Stored records:
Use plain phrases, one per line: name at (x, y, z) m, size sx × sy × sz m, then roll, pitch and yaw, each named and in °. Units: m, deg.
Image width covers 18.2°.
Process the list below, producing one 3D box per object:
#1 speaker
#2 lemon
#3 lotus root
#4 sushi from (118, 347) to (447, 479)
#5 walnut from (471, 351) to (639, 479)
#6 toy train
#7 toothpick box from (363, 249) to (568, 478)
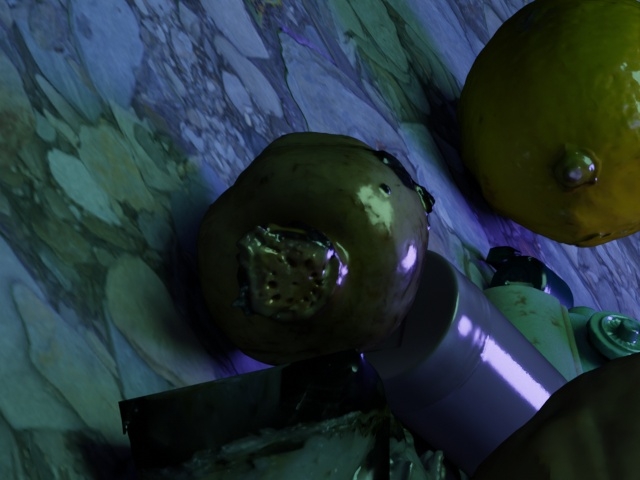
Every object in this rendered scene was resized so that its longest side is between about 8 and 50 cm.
speaker at (0.191, 0.038, 1.850) m, size 0.075 × 0.060 × 0.094 m, roll 37°, pitch 28°, yaw -49°
lemon at (0.263, -0.125, 1.996) m, size 0.260 × 0.260 × 0.284 m, roll 56°, pitch -1°, yaw -7°
lotus root at (0.000, 0.000, 1.291) m, size 0.140 × 0.154 × 0.257 m, roll 48°, pitch 17°, yaw -11°
sushi at (-0.004, 0.158, 1.127) m, size 0.273 × 0.134 × 0.109 m, roll 52°, pitch 27°, yaw -65°
walnut at (0.230, 0.238, 1.226) m, size 0.383 × 0.383 × 0.383 m, roll 49°, pitch 21°, yaw -26°
toy train at (0.193, 0.147, 1.606) m, size 0.177 × 0.116 × 0.285 m, roll 15°, pitch 36°, yaw -15°
toothpick box at (0.098, 0.094, 1.454) m, size 0.180 × 0.111 × 0.111 m, roll 42°, pitch 25°, yaw -41°

REQUIRED WORK:
Within the data above, tally every line that has "from" in it. Answer with the number only.

OUTPUT BELOW:
3